The MODCOMP IV provides a useul example of the considerations that are involved in hooking a pipelined machine to a multiport memory:

      _________________________       ______________
     |   ___________________   |     |              |
     |  | Instruction Fetch |========|              |
     |  |___________________|  |     |              |
CPU  |   __|_____________|__   |     |              |
     |  |      Execute      |========|  Multiport   |
     |  |___________________|  |     |    Memory    |
     |_________________________|     |              |
         ___________________         |   (4 by 4    |
        |  DMA coprocessor  |========|   crossbar   |
        |___________________|        |  + memory)   |
         ___________________         |              |
        |  DMA coprocessor  |========|              |
        |___________________|        |______________|

Which of the memory ports in this system should have priority, or should we use a round-robin scheme where priority rotates from port to port with use?

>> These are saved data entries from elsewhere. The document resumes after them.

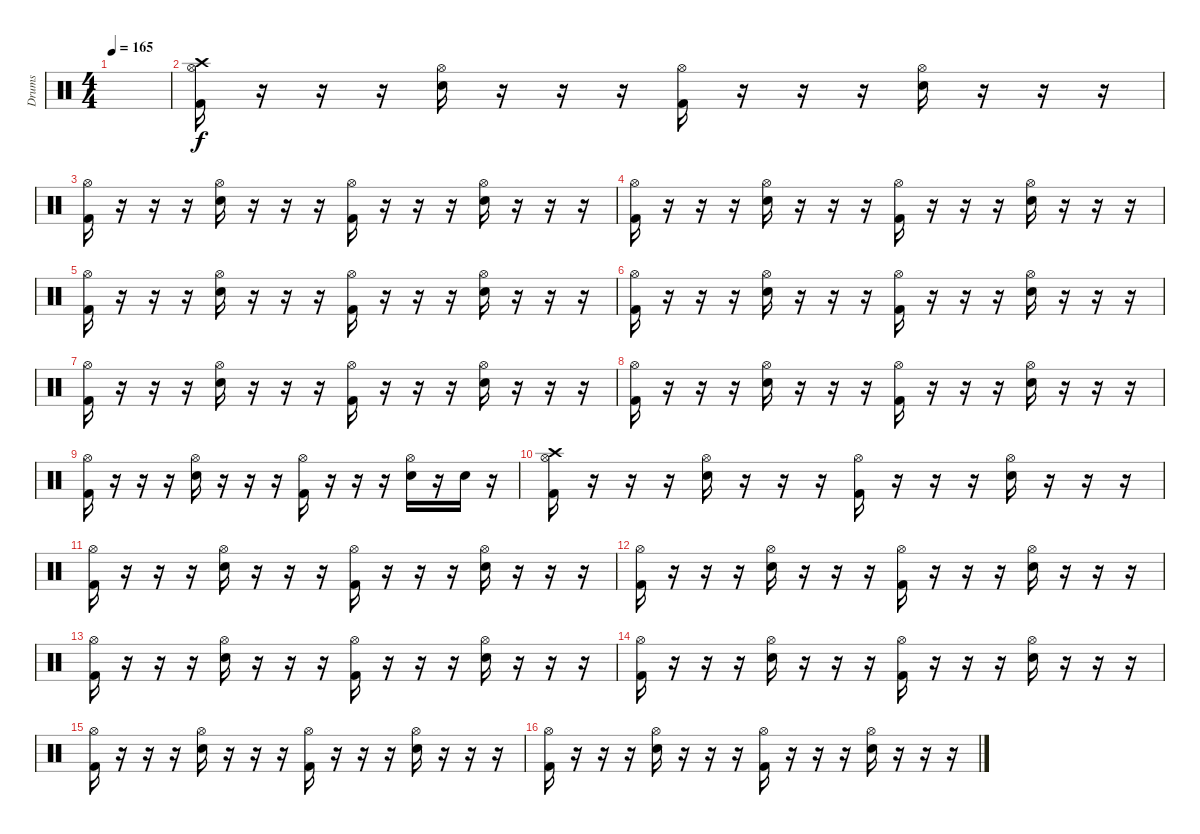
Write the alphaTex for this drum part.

\track ("Drums" "Drums") {instrument percussion}
\staff {score}
\articulation defaults
\ts (4 4)
\tempo 165
\clef neutral
\ks c
|
("Hi-Hat (open)" "Crash high (hit)" "Kick (hit) 2").16 r.16 r.16 r.16 ("Hi-Hat (open)" "Electric Snare (hit)").16 r.16 r.16 r.16 ("Hi-Hat (open)" "Kick (hit) 2").16 r.16 r.16 r.16 ("Hi-Hat (open)" "Electric Snare (hit)").16 r.16 r.16 r.16 |
("Hi-Hat (open)" "Kick (hit) 2").16 r.16 r.16 r.16 ("Hi-Hat (open)" "Electric Snare (hit)").16 r.16 r.16 r.16 ("Hi-Hat (open)" "Kick (hit) 2").16 r.16 r.16 r.16 ("Hi-Hat (open)" "Electric Snare (hit)").16 r.16 r.16 r.16 |
("Hi-Hat (open)" "Kick (hit) 2").16 r.16 r.16 r.16 ("Hi-Hat (open)" "Electric Snare (hit)").16 r.16 r.16 r.16 ("Hi-Hat (open)" "Kick (hit) 2").16 r.16 r.16 r.16 ("Hi-Hat (open)" "Electric Snare (hit)").16 r.16 r.16 r.16 |
("Hi-Hat (open)" "Kick (hit) 2").16 r.16 r.16 r.16 ("Hi-Hat (open)" "Electric Snare (hit)").16 r.16 r.16 r.16 ("Hi-Hat (open)" "Kick (hit) 2").16 r.16 r.16 r.16 ("Hi-Hat (open)" "Electric Snare (hit)").16 r.16 r.16 r.16 |
("Hi-Hat (open)" "Kick (hit) 2").16 r.16 r.16 r.16 ("Hi-Hat (open)" "Electric Snare (hit)").16 r.16 r.16 r.16 ("Hi-Hat (open)" "Kick (hit) 2").16 r.16 r.16 r.16 ("Hi-Hat (open)" "Electric Snare (hit)").16 r.16 r.16 r.16 |
("Hi-Hat (open)" "Kick (hit) 2").16 r.16 r.16 r.16 ("Hi-Hat (open)" "Electric Snare (hit)").16 r.16 r.16 r.16 ("Hi-Hat (open)" "Kick (hit) 2").16 r.16 r.16 r.16 ("Hi-Hat (open)" "Electric Snare (hit)").16 r.16 r.16 r.16 |
("Hi-Hat (open)" "Kick (hit) 2").16 r.16 r.16 r.16 ("Hi-Hat (open)" "Electric Snare (hit)").16 r.16 r.16 r.16 ("Hi-Hat (open)" "Kick (hit) 2").16 r.16 r.16 r.16 ("Hi-Hat (open)" "Electric Snare (hit)").16 r.16 r.16 r.16 |
("Hi-Hat (open)" "Kick (hit) 2").16 r.16 r.16 r.16 ("Hi-Hat (open)" "Electric Snare (hit)").16 r.16 r.16 r.16 ("Hi-Hat (open)" "Kick (hit) 2").16 r.16 r.16 r.16 ("Hi-Hat (open)" "Electric Snare (hit)").16 r.16 "Electric Snare (hit)".16 r.16 |
("Hi-Hat (open)" "Crash high (hit)" "Kick (hit) 2").16 r.16 r.16 r.16 ("Hi-Hat (open)" "Electric Snare (hit)").16 r.16 r.16 r.16 ("Hi-Hat (open)" "Kick (hit) 2").16 r.16 r.16 r.16 ("Hi-Hat (open)" "Electric Snare (hit)").16 r.16 r.16 r.16 |
("Hi-Hat (open)" "Kick (hit) 2").16 r.16 r.16 r.16 ("Hi-Hat (open)" "Electric Snare (hit)").16 r.16 r.16 r.16 ("Hi-Hat (open)" "Kick (hit) 2").16 r.16 r.16 r.16 ("Hi-Hat (open)" "Electric Snare (hit)").16 r.16 r.16 r.16 |
("Hi-Hat (open)" "Kick (hit) 2").16 r.16 r.16 r.16 ("Hi-Hat (open)" "Electric Snare (hit)").16 r.16 r.16 r.16 ("Hi-Hat (open)" "Kick (hit) 2").16 r.16 r.16 r.16 ("Hi-Hat (open)" "Electric Snare (hit)").16 r.16 r.16 r.16 |
("Hi-Hat (open)" "Kick (hit) 2").16 r.16 r.16 r.16 ("Hi-Hat (open)" "Electric Snare (hit)").16 r.16 r.16 r.16 ("Hi-Hat (open)" "Kick (hit) 2").16 r.16 r.16 r.16 ("Hi-Hat (open)" "Electric Snare (hit)").16 r.16 r.16 r.16 |
("Hi-Hat (open)" "Kick (hit) 2").16 r.16 r.16 r.16 ("Hi-Hat (open)" "Electric Snare (hit)").16 r.16 r.16 r.16 ("Hi-Hat (open)" "Kick (hit) 2").16 r.16 r.16 r.16 ("Hi-Hat (open)" "Electric Snare (hit)").16 r.16 r.16 r.16 |
("Hi-Hat (open)" "Kick (hit) 2").16 r.16 r.16 r.16 ("Hi-Hat (open)" "Electric Snare (hit)").16 r.16 r.16 r.16 ("Hi-Hat (open)" "Kick (hit) 2").16 r.16 r.16 r.16 ("Hi-Hat (open)" "Electric Snare (hit)").16 r.16 r.16 r.16 |
("Hi-Hat (open)" "Kick (hit) 2").16 r.16 r.16 r.16 ("Hi-Hat (open)" "Electric Snare (hit)").16 r.16 r.16 r.16 ("Hi-Hat (open)" "Kick (hit) 2").16 r.16 r.16 r.16 ("Hi-Hat (open)" "Electric Snare (hit)").16 r.16 r.16 r.16
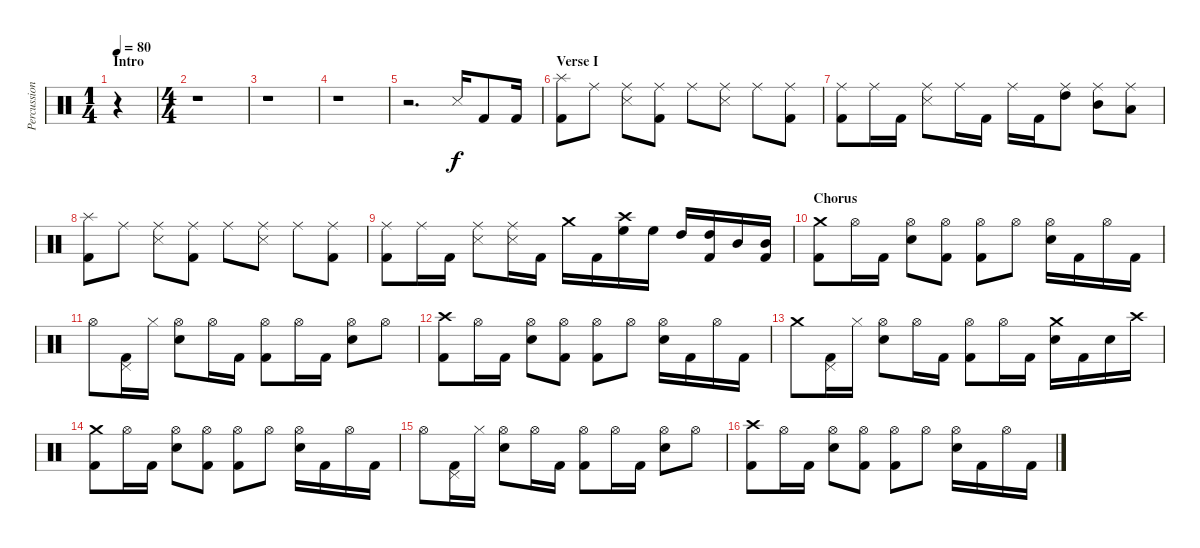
\track ("Percussion" "Percussion") {instrument percussion}
\staff {score}
\articulation defaults
\ts (1 4)
\section ("" "Intro")
\tempo 80
\clef neutral
\ks c
r.4{dy f volume 12 balance 8} |
\ts (4 4)
r.1 |
r.1 |
r.1 |
r.2{d} "Snare (side stick) 3".16 "Kick (hit) 2".8 "Kick (hit) 2".16 |
\section ("" "Verse I")
("Splash (hit)" "Kick (hit) 2").8 "Ride (middle)".8 ("Ride (middle)" "Snare (side stick) 3").8 ("Ride (middle)" "Kick (hit) 2").8 "Ride (middle)".8 ("Ride (middle)" "Snare (side stick) 3").8 "Ride (middle)".8 ("Ride (middle)" "Kick (hit) 2").8 |
("Ride (middle)" "Kick (hit) 2").8 "Ride (middle)".16 "Kick (hit) 2".16 ("Ride (middle)" "Snare (side stick) 3").8 "Ride (middle)".16 "Kick (hit) 2".16 "Ride (middle)".16 "Kick (hit) 2".16 ("Ride (middle)" "High Tom (hit)").8 ("Ride (middle)" "Mid Tom (hit)").8 ("Ride (middle)" "Low Tom (hit)").8 |
("Splash (hit)" "Kick (hit) 2").8 "Ride (middle)".8 ("Ride (middle)" "Snare (side stick) 3").8 ("Ride (middle)" "Kick (hit) 2").8 "Ride (middle)".8 ("Ride (middle)" "Snare (side stick) 3").8 "Ride (middle)".8 ("Ride (middle)" "Kick (hit) 2").8 |
("Ride (middle)" "Kick (hit) 2").8 "Ride (middle)".16 "Kick (hit) 2".16 ("Ride (middle)" "Snare (side stick) 3").8 ("Ride (middle)" "Snare (side stick) 3").16 "Kick (hit) 2".16 "Crash medium (hit)".16 "Kick (hit) 2".16 ("Crash high (hit)" "High Floor Tom (hit)").16 "High Floor Tom (hit)".16 "High Tom (hit)".16 ("High Tom (hit)" "Kick (hit) 2").16 "Mid Tom (hit)".16 ("Mid Tom (hit)" "Kick (hit) 2").16 |
\section ("" "Chorus")
("Crash medium (hit)" "Kick (hit) 2").8 "Hi-Hat (open)".16 "Kick (hit) 2".16 ("Hi-Hat (open)" "Electric Snare (hit)").8 ("Hi-Hat (open)" "Kick (hit) 2").8 ("Hi-Hat (open)" "Kick (hit) 2").8 "Hi-Hat (open)".8 ("Hi-Hat (open)" "Electric Snare (hit)").16 "Kick (hit) 2".16 "Hi-Hat (open)".16 "Kick (hit) 2".16 |
"Hi-Hat (open)".8 ("Pedal Hi-Hat (hit)" "Kick (hit) 2").16 "Hi-Hat (closed)".16 ("Hi-Hat (open)" "Electric Snare (hit)").8 "Hi-Hat (open)".16 "Kick (hit) 2".16 ("Hi-Hat (open)" "Kick (hit) 2").8 "Hi-Hat (open)".16 "Kick (hit) 2".16 ("Hi-Hat (open)" "Electric Snare (hit)").8 "Hi-Hat (open)".8 |
("Crash high (hit)" "Kick (hit) 2").8 "Hi-Hat (open)".16 "Kick (hit) 2".16 ("Hi-Hat (open)" "Electric Snare (hit)").8 ("Hi-Hat (open)" "Kick (hit) 2").8 ("Hi-Hat (open)" "Kick (hit) 2").8 "Hi-Hat (open)".8 ("Hi-Hat (open)" "Electric Snare (hit)").16 "Kick (hit) 2".16 "Hi-Hat (open)".16 "Kick (hit) 2".16 |
"Crash medium (hit)".8 ("Pedal Hi-Hat (hit)" "Kick (hit) 2").16 "Hi-Hat (closed)".16 ("Hi-Hat (open)" "Electric Snare (hit)").8 "Hi-Hat (open)".16 "Kick (hit) 2".16 ("Hi-Hat (open)" "Kick (hit) 2").8 "Hi-Hat (open)".16 "Kick (hit) 2".16 ("Crash medium (hit)" "Electric Snare (hit)").16 "Kick (hit) 2".16 "Electric Snare (hit)".16 "Crash high (hit)".16 |
("Crash medium (hit)" "Kick (hit) 2").8 "Hi-Hat (open)".16 "Kick (hit) 2".16 ("Hi-Hat (open)" "Electric Snare (hit)").8 ("Hi-Hat (open)" "Kick (hit) 2").8 ("Hi-Hat (open)" "Kick (hit) 2").8 "Hi-Hat (open)".8 ("Hi-Hat (open)" "Electric Snare (hit)").16 "Kick (hit) 2".16 "Hi-Hat (open)".16 "Kick (hit) 2".16 |
"Hi-Hat (open)".8 ("Pedal Hi-Hat (hit)" "Kick (hit) 2").16 "Hi-Hat (closed)".16 ("Hi-Hat (open)" "Electric Snare (hit)").8 "Hi-Hat (open)".16 "Kick (hit) 2".16 ("Hi-Hat (open)" "Kick (hit) 2").8 "Hi-Hat (open)".16 "Kick (hit) 2".16 ("Hi-Hat (open)" "Electric Snare (hit)").8 "Hi-Hat (open)".8 |
("Crash high (hit)" "Kick (hit) 2").8 "Hi-Hat (open)".16 "Kick (hit) 2".16 ("Hi-Hat (open)" "Electric Snare (hit)").8 ("Hi-Hat (open)" "Kick (hit) 2").8 ("Hi-Hat (open)" "Kick (hit) 2").8 "Hi-Hat (open)".8 ("Hi-Hat (open)" "Electric Snare (hit)").16 "Kick (hit) 2".16 "Hi-Hat (open)".16 "Kick (hit) 2".16
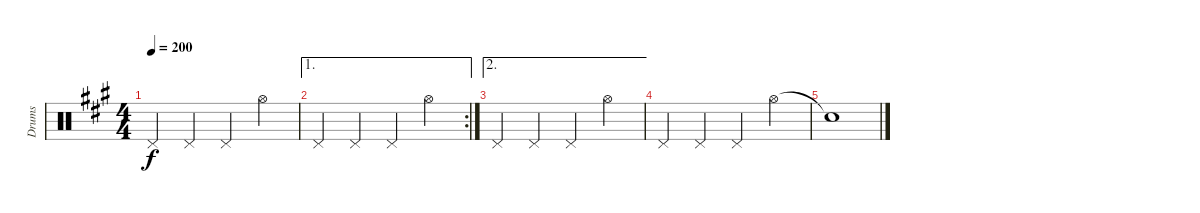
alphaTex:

\track ("Drums" "Drums") {instrument percussion}
\staff {score}
\articulation defaults
\ts (4 4)
\tempo 200
\clef neutral
\ks a "Pedal Hi-Hat (hit)".4{dy f} "Pedal Hi-Hat (hit)".4 "Pedal Hi-Hat (hit)".4 "Hi-Hat (open)".4
|
\ae 1
\rc 2 "Pedal Hi-Hat (hit)".4 "Pedal Hi-Hat (hit)".4 "Pedal Hi-Hat (hit)".4 "Hi-Hat (open)".4
|
\ae 2 "Pedal Hi-Hat (hit)".4 "Pedal Hi-Hat (hit)".4 "Pedal Hi-Hat (hit)".4 "Hi-Hat (open)".4
|
"Pedal Hi-Hat (hit)".4 "Pedal Hi-Hat (hit)".4 "Pedal Hi-Hat (hit)".4 "Hi-Hat (open)".4 |
"Snare (hit)"{t}.1
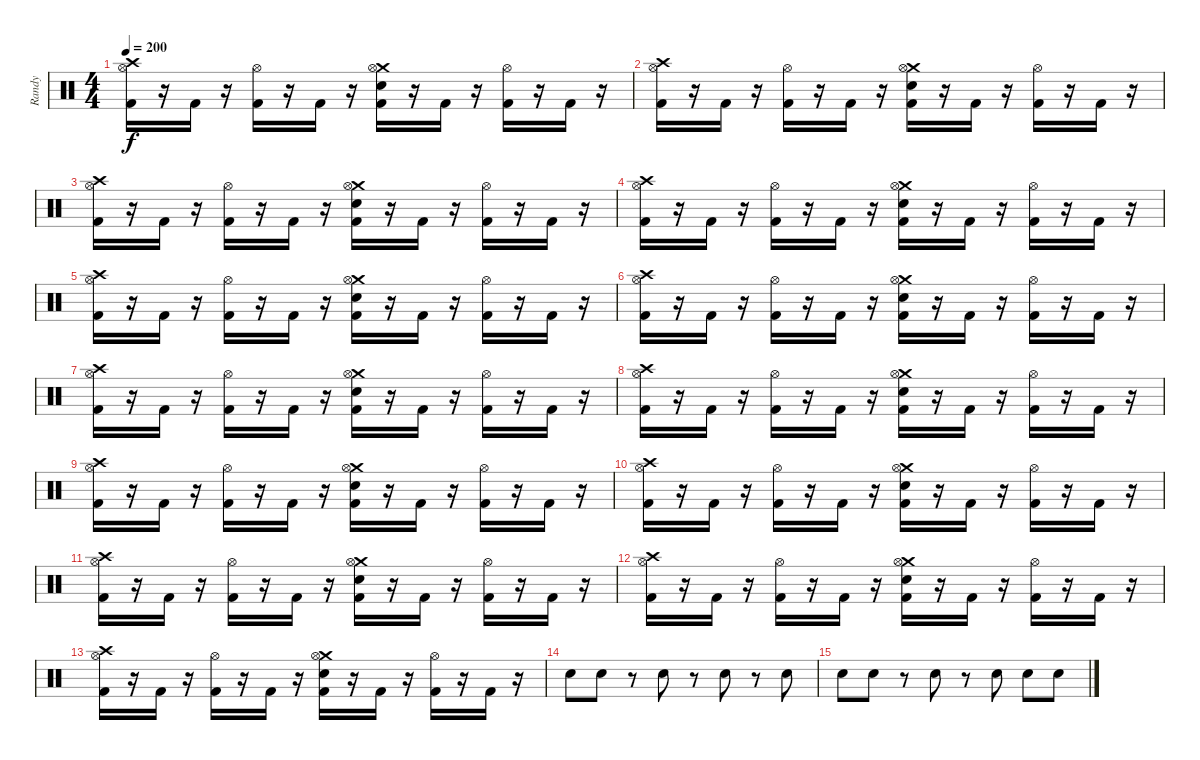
\track ("Randy" "Randy") {instrument percussion}
\staff {score}
\articulation defaults
\ts (4 4)
\tempo 200
\clef neutral
\ks c
("Kick (hit) 2" "Crash high (hit)" "Hi-Hat (open)").16{dy f} r.16 "Kick (hit) 2".16 r.16 ("Kick (hit) 2" "Hi-Hat (open)").16 r.16 "Kick (hit) 2".16 r.16 ("Kick (hit) 2" "Electric Snare (hit)" "Crash medium (hit)" "Hi-Hat (open)").16 r.16 "Kick (hit) 2".16 r.16 ("Kick (hit) 2" "Hi-Hat (open)").16 r.16 "Kick (hit) 2".16 r.16 |
("Kick (hit) 2" "Crash high (hit)" "Hi-Hat (open)").16 r.16 "Kick (hit) 2".16 r.16 ("Kick (hit) 2" "Hi-Hat (open)").16 r.16 "Kick (hit) 2".16 r.16 ("Kick (hit) 2" "Electric Snare (hit)" "Crash medium (hit)" "Hi-Hat (open)").16 r.16 "Kick (hit) 2".16 r.16 ("Kick (hit) 2" "Hi-Hat (open)").16 r.16 "Kick (hit) 2".16 r.16 |
("Kick (hit) 2" "Crash high (hit)" "Hi-Hat (open)").16 r.16 "Kick (hit) 2".16 r.16 ("Kick (hit) 2" "Hi-Hat (open)").16 r.16 "Kick (hit) 2".16 r.16 ("Kick (hit) 2" "Electric Snare (hit)" "Crash medium (hit)" "Hi-Hat (open)").16 r.16 "Kick (hit) 2".16 r.16 ("Kick (hit) 2" "Hi-Hat (open)").16 r.16 "Kick (hit) 2".16 r.16 |
("Kick (hit) 2" "Crash high (hit)" "Hi-Hat (open)").16 r.16 "Kick (hit) 2".16 r.16 ("Kick (hit) 2" "Hi-Hat (open)").16 r.16 "Kick (hit) 2".16 r.16 ("Kick (hit) 2" "Electric Snare (hit)" "Crash medium (hit)" "Hi-Hat (open)").16 r.16 "Kick (hit) 2".16 r.16 ("Kick (hit) 2" "Hi-Hat (open)").16 r.16 "Kick (hit) 2".16 r.16 |
("Kick (hit) 2" "Crash high (hit)" "Hi-Hat (open)").16 r.16 "Kick (hit) 2".16 r.16 ("Kick (hit) 2" "Hi-Hat (open)").16 r.16 "Kick (hit) 2".16 r.16 ("Kick (hit) 2" "Electric Snare (hit)" "Crash medium (hit)" "Hi-Hat (open)").16 r.16 "Kick (hit) 2".16 r.16 ("Kick (hit) 2" "Hi-Hat (open)").16 r.16 "Kick (hit) 2".16 r.16 |
("Kick (hit) 2" "Crash high (hit)" "Hi-Hat (open)").16 r.16 "Kick (hit) 2".16 r.16 ("Kick (hit) 2" "Hi-Hat (open)").16 r.16 "Kick (hit) 2".16 r.16 ("Kick (hit) 2" "Electric Snare (hit)" "Crash medium (hit)" "Hi-Hat (open)").16 r.16 "Kick (hit) 2".16 r.16 ("Kick (hit) 2" "Hi-Hat (open)").16 r.16 "Kick (hit) 2".16 r.16 |
("Kick (hit) 2" "Crash high (hit)" "Hi-Hat (open)").16 r.16 "Kick (hit) 2".16 r.16 ("Kick (hit) 2" "Hi-Hat (open)").16 r.16 "Kick (hit) 2".16 r.16 ("Kick (hit) 2" "Electric Snare (hit)" "Crash medium (hit)" "Hi-Hat (open)").16 r.16 "Kick (hit) 2".16 r.16 ("Kick (hit) 2" "Hi-Hat (open)").16 r.16 "Kick (hit) 2".16 r.16 |
("Kick (hit) 2" "Crash high (hit)" "Hi-Hat (open)").16 r.16 "Kick (hit) 2".16 r.16 ("Kick (hit) 2" "Hi-Hat (open)").16 r.16 "Kick (hit) 2".16 r.16 ("Kick (hit) 2" "Electric Snare (hit)" "Crash medium (hit)" "Hi-Hat (open)").16 r.16 "Kick (hit) 2".16 r.16 ("Kick (hit) 2" "Hi-Hat (open)").16 r.16 "Kick (hit) 2".16 r.16 |
("Kick (hit) 2" "Crash high (hit)" "Hi-Hat (open)").16 r.16 "Kick (hit) 2".16 r.16 ("Kick (hit) 2" "Hi-Hat (open)").16 r.16 "Kick (hit) 2".16 r.16 ("Kick (hit) 2" "Electric Snare (hit)" "Crash medium (hit)" "Hi-Hat (open)").16 r.16 "Kick (hit) 2".16 r.16 ("Kick (hit) 2" "Hi-Hat (open)").16 r.16 "Kick (hit) 2".16 r.16 |
("Kick (hit) 2" "Crash high (hit)" "Hi-Hat (open)").16 r.16 "Kick (hit) 2".16 r.16 ("Kick (hit) 2" "Hi-Hat (open)").16 r.16 "Kick (hit) 2".16 r.16 ("Kick (hit) 2" "Electric Snare (hit)" "Crash medium (hit)" "Hi-Hat (open)").16 r.16 "Kick (hit) 2".16 r.16 ("Kick (hit) 2" "Hi-Hat (open)").16 r.16 "Kick (hit) 2".16 r.16 |
("Kick (hit) 2" "Crash high (hit)" "Hi-Hat (open)").16 r.16 "Kick (hit) 2".16 r.16 ("Kick (hit) 2" "Hi-Hat (open)").16 r.16 "Kick (hit) 2".16 r.16 ("Kick (hit) 2" "Electric Snare (hit)" "Crash medium (hit)" "Hi-Hat (open)").16 r.16 "Kick (hit) 2".16 r.16 ("Kick (hit) 2" "Hi-Hat (open)").16 r.16 "Kick (hit) 2".16 r.16 |
("Kick (hit) 2" "Crash high (hit)" "Hi-Hat (open)").16 r.16 "Kick (hit) 2".16 r.16 ("Kick (hit) 2" "Hi-Hat (open)").16 r.16 "Kick (hit) 2".16 r.16 ("Kick (hit) 2" "Electric Snare (hit)" "Crash medium (hit)" "Hi-Hat (open)").16 r.16 "Kick (hit) 2".16 r.16 ("Kick (hit) 2" "Hi-Hat (open)").16 r.16 "Kick (hit) 2".16 r.16 |
("Kick (hit) 2" "Crash high (hit)" "Hi-Hat (open)").16 r.16 "Kick (hit) 2".16 r.16 ("Kick (hit) 2" "Hi-Hat (open)").16 r.16 "Kick (hit) 2".16 r.16 ("Kick (hit) 2" "Electric Snare (hit)" "Crash medium (hit)" "Hi-Hat (open)").16 r.16 "Kick (hit) 2".16 r.16 ("Kick (hit) 2" "Hi-Hat (open)").16 r.16 "Kick (hit) 2".16 r.16 |
"Electric Snare (hit)".8 "Electric Snare (hit)".8 r.8 "Electric Snare (hit)".8 r.8 "Electric Snare (hit)".8 r.8 "Electric Snare (hit)".8 |
"Electric Snare (hit)".8 "Electric Snare (hit)".8 r.8 "Electric Snare (hit)".8 r.8 "Electric Snare (hit)".8 "Electric Snare (hit)".8 "Electric Snare (hit)".8

Part of the answer comes from our earlier comments about DMA processors sharing a single bus with the CPU. In that case, we said that the DMA processor needed priority over the CPU. This remains true here! If the DMA processor is handling data transfers from a peripheral, the CPU can wait. If the CPU took priority, there is a possibility that data from the peripheral would be lost and the input-output operation would fail.

But what about the two memory ports used by the CPU itself? Does the instruction fetch stage have priority over the operate stage or visa versa. The answer comes from the nature of stalls in a pipelined system. If the instruction fetch stage stalls, bubbles are introduced in the pipe and later stages can continue to operate, but if some operate stage stalls, the instruction fetch stage is blocked. Therefore, operand fetch and store must take priority over instruction fetch in this model! As a result, the highest priority port to the crossbar switch in the diagram above is the bottom port, and the top port has the lowest priority.